Öte yandan İslam var olduğu günden
itibaren hurafelerle mücadele etmiş bir din olup insanlığa hizmet eden bilimle
de hiçbir zaman sorunu olmamıştır. Günümüzde bilimi dogmalaştırıp din haline
getirenler, dinden daha çok bilime zarar vermektedirler. Bunlar bilimi
dondurmakta ve dondurdukları bu bilimi dinin hasmı haline getirmektedirler.
Türkiye ölçeğinde bile baktığınızda bilime ve teknolojiye hangi zihniyetlerin
öncülük ettiği açıkça görülür.
Devrim Otomobilini işlevsiz kılıp
müzelik haline getirenlerin, ülkeyi ikinci el teknoloji çöplüğüne dönüştürenlerin
ve uçak fabrikalarını kapatıp toprağa gömenlerin de hangi zihniyeti temsil
ettiği açıktır ve milletimiz tarafından gayet iyi bilinmektedir.
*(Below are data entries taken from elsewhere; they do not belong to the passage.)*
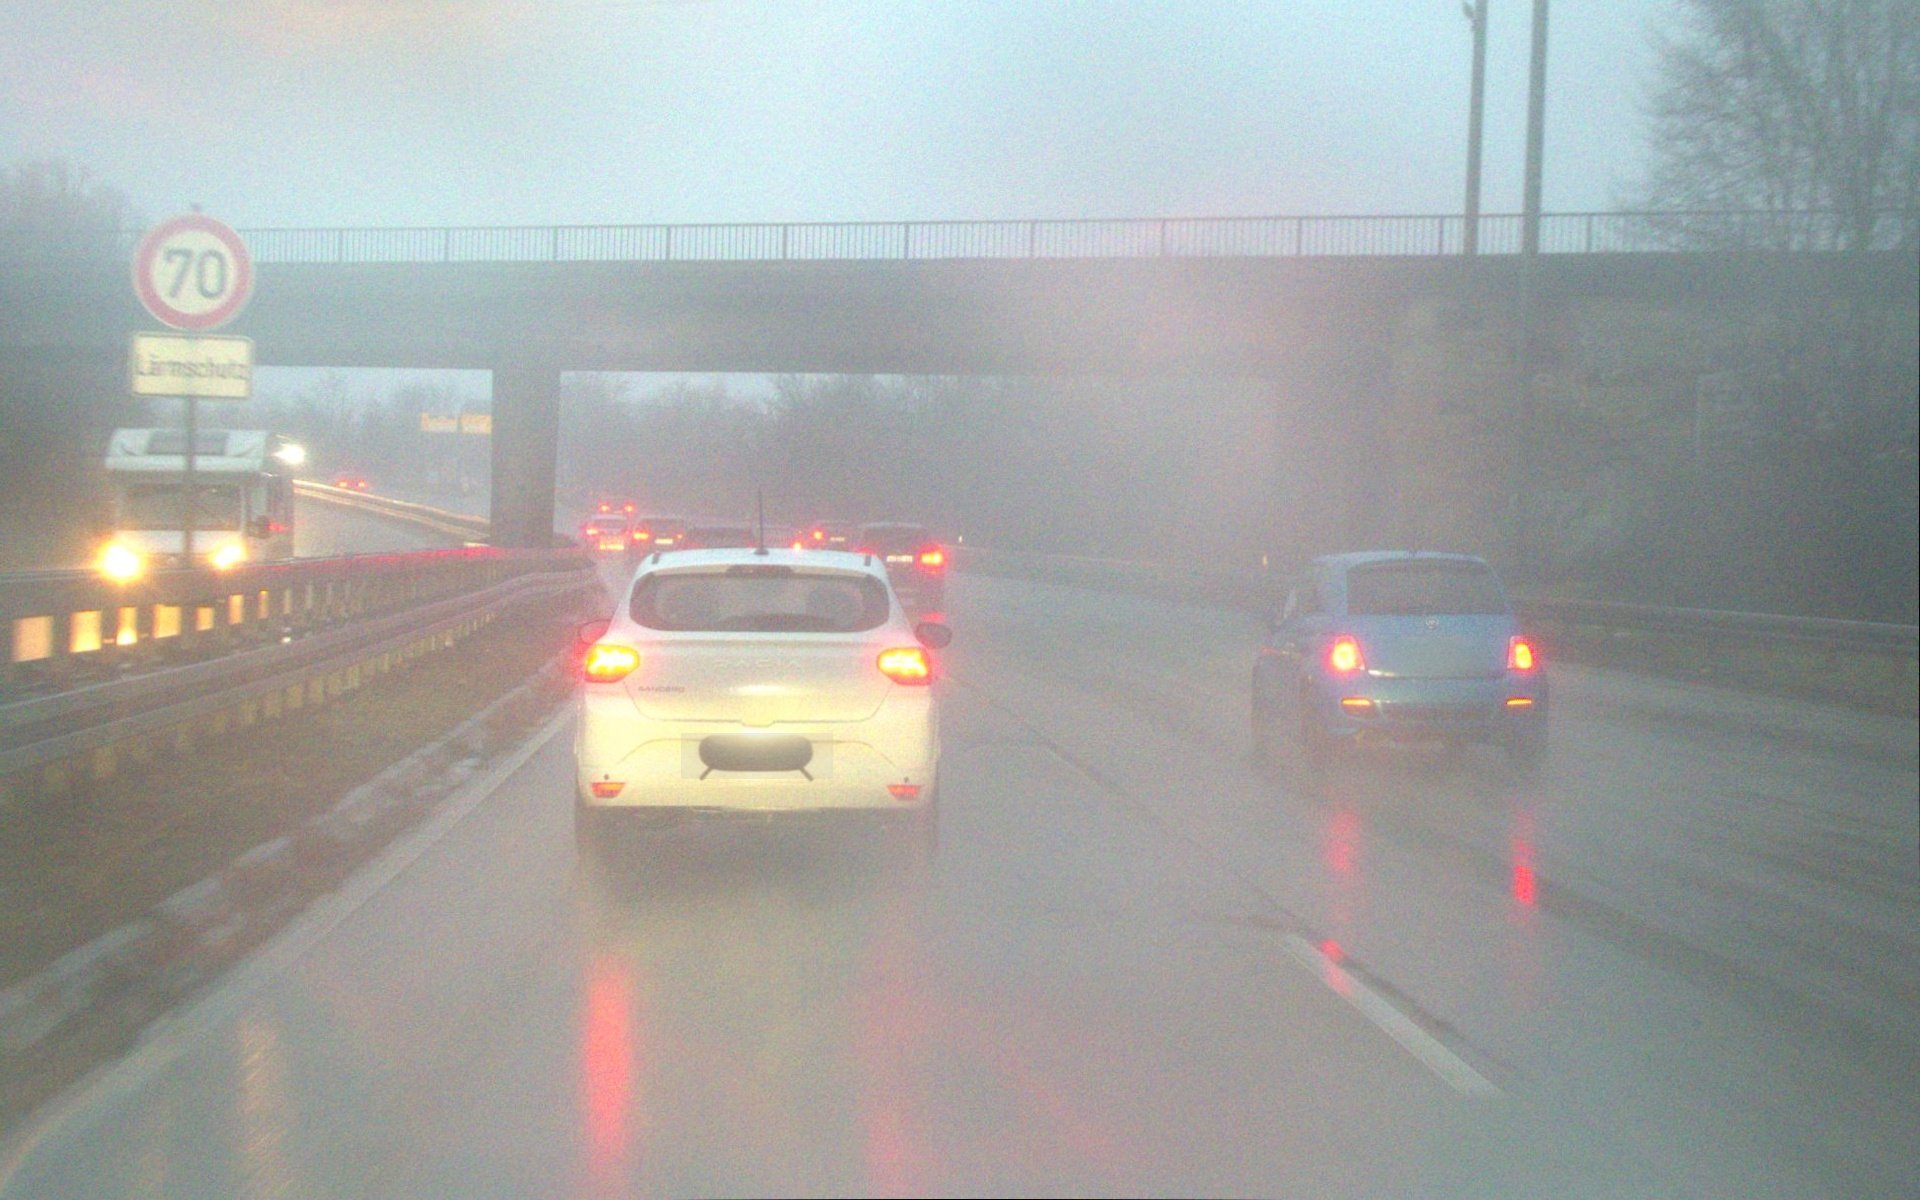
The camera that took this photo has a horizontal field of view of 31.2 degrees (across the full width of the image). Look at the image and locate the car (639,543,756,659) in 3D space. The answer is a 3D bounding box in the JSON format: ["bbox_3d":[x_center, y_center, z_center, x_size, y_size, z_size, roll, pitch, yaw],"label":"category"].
[{"bbox_3d":[-4.871,0.013,63.379,1.993,2.007,4.001,2,0,-6],"label":"car"}]

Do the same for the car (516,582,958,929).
[{"bbox_3d":[-1.146,0.728,18.110,2.024,1.569,4.000,2,0,-3],"label":"car"}]

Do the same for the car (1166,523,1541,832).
[{"bbox_3d":[2.746,0.516,24.850,1.932,2.012,3.774,2,0,-5],"label":"car"}]

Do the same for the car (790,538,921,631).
[{"bbox_3d":[-2.059,-0.286,66.807,1.932,1.541,3.774,-4,-1,-10],"label":"car"}]

Öyleyse ey inananlar gelin ve kulak
verin! “Allah’ın rahmetinden umut kesmeyin!”, “Kararlı duruş ve dua ile
Allah’dan yardım isteyin!” “Gevşeklik göstermeyin, karamsarlığa kapılmayın! En
üstün sizsiniz, çünkü siz Müslümansınız!” (Zümer 39/53; Bakara 2/153; Al-i
İmran 3/133).
Demek ki neymiş? Allah’ın engin inayeti yanımızda, İslam’ın her
devre hitap eden hakikati elimizde, büyük kitlenin gücü ve direnci arkamızda
olduğu sürece umutsuzluğa yer yokmuş. Şairin diliyle söylersek:
“Sevinin Mehmed’im başlar yüksekte
Ölsek de sevinin eve dönsek de
Sanma bu tekerlek kalır tümsekte
Yarın elbet bizim elbet bizimdir
Gün doğmuş, gün batmış, ebed
bizimdir.”
Vesselâm…
20 Ekim 2022 /
24 Rebiülevvel 1444
[1] Bk.
Namık Kemal, Renan Müdafanamesi, Akçağ Yayınları Ankara 2014; Abdulaziz Çeviş,
Anklikan Kilisesine Cevap, trc. Mehmet Akif Ersoy, DİB Yayınaları 1974; Ömer
Ferid Kam, Ayasofya Konuşmaları, Büyüyen Ay Yayınları, İstanbul 2021.